- What is needed -
Using the records provided below, locate and copy each line that contains the word "cuboid".

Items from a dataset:
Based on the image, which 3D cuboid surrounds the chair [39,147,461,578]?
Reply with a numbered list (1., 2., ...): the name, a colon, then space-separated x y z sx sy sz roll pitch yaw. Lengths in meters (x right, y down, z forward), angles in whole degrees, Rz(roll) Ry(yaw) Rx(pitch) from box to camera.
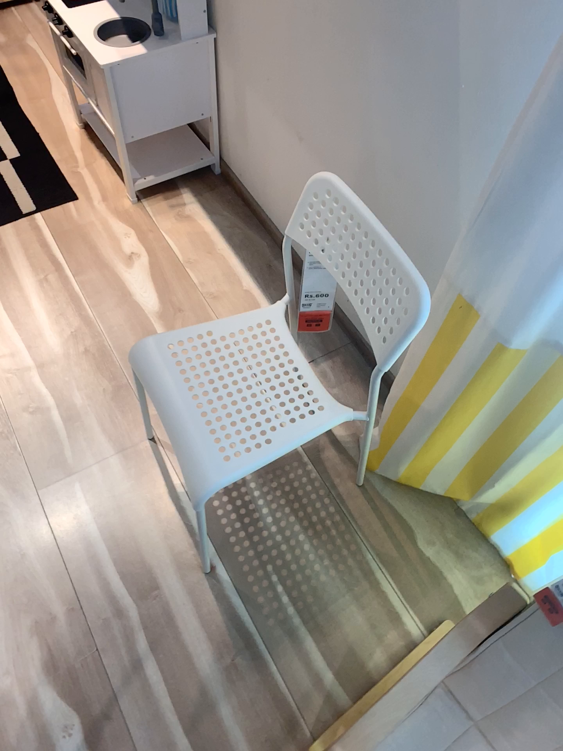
1. chair: -0.073 0.011 1.190 0.530 0.659 0.441 -24 61 -17
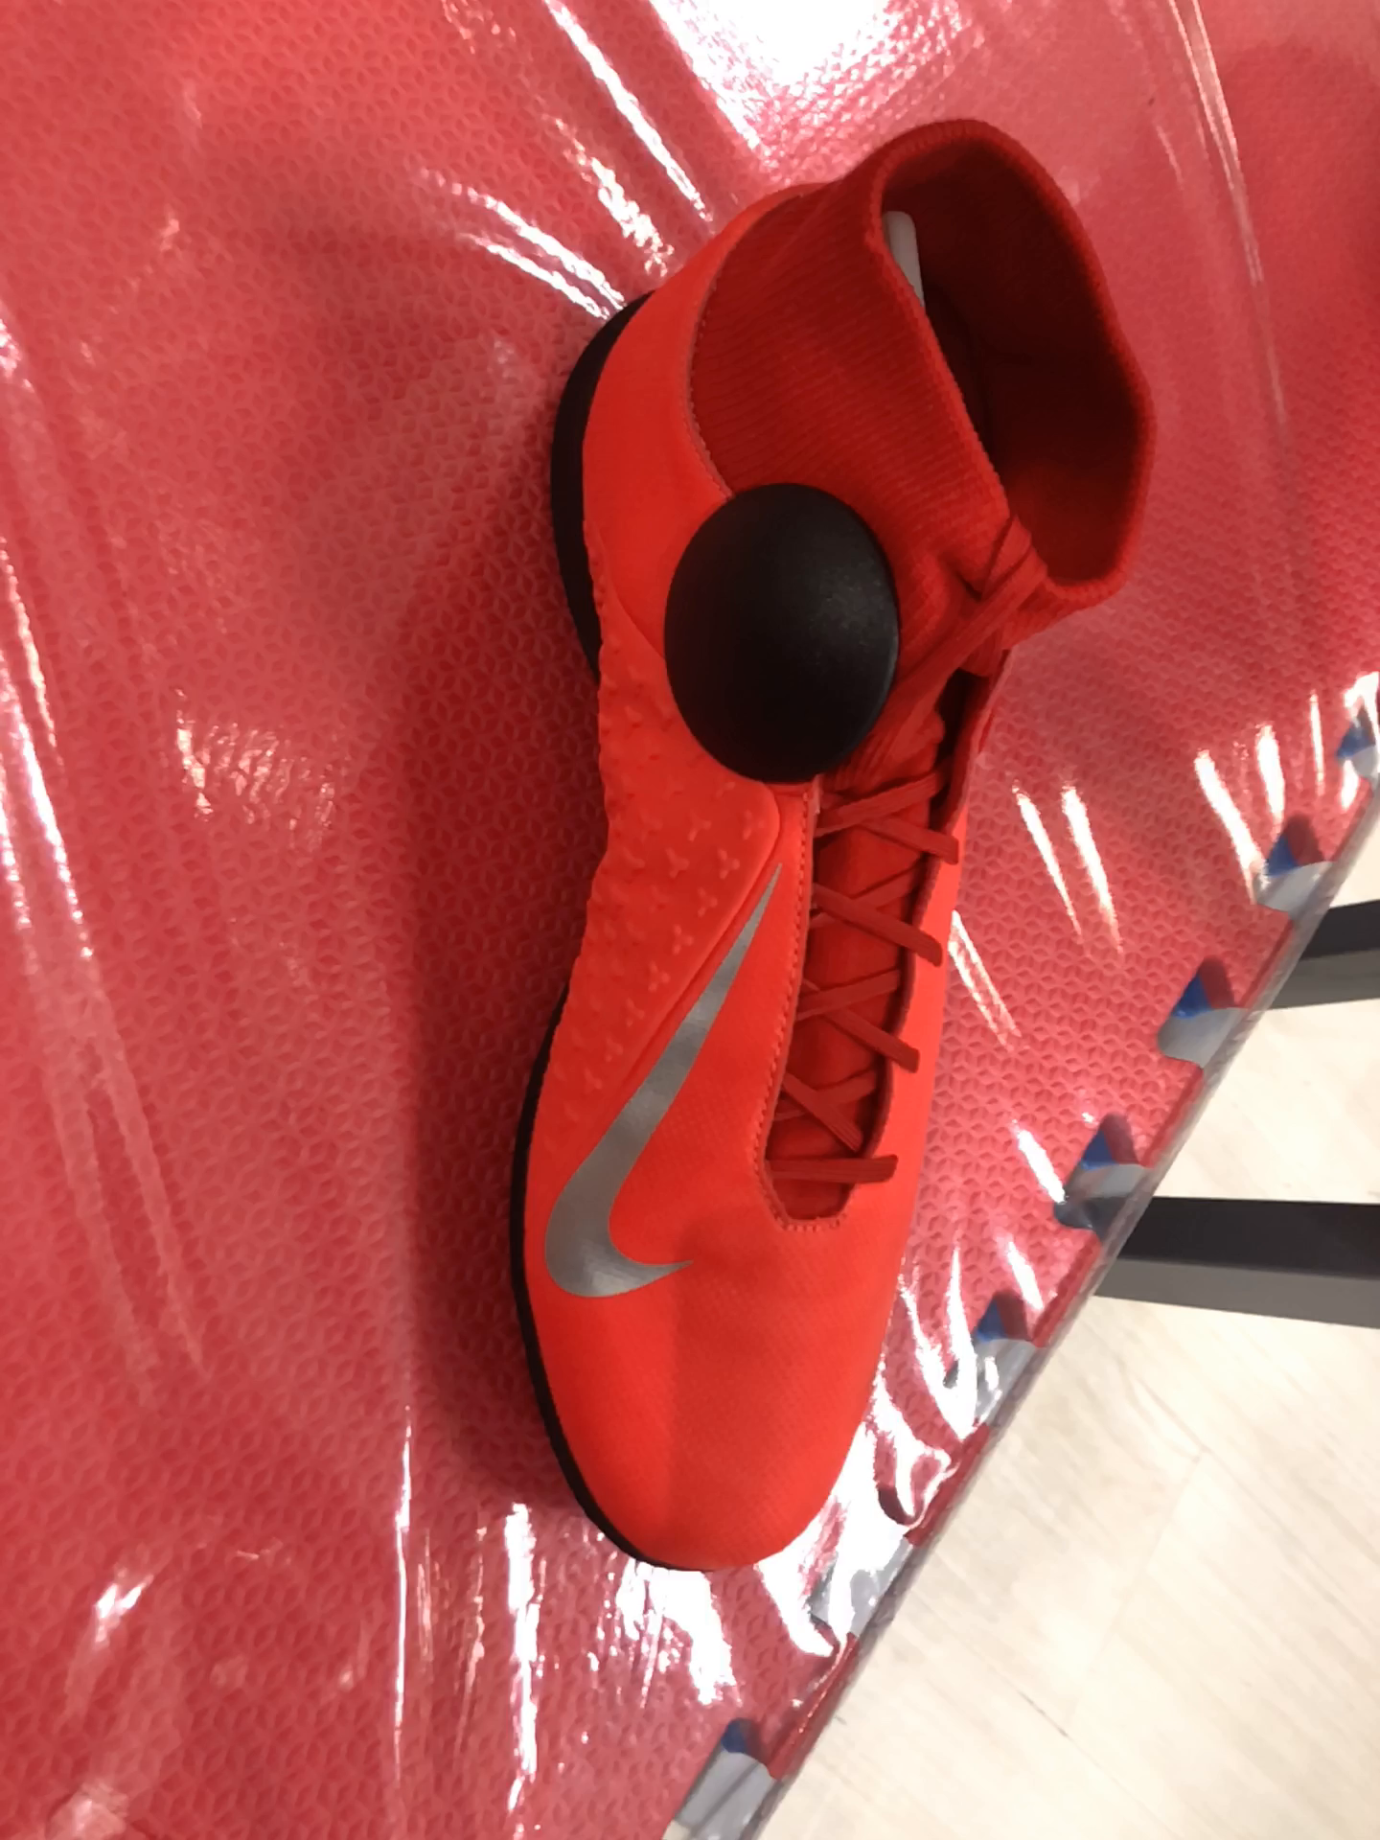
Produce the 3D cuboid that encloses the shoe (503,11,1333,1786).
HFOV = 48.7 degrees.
[{"bbox_3d":[0.029,-0.003,0.285,0.090,0.119,0.250,3,80,-27],"label":"shoe"}]

- Solution to this problem -
Based on the image, which 3D cuboid surrounds the chair [39,147,461,578]?
Produce the 3D cuboid that encloses the shoe (503,11,1333,1786).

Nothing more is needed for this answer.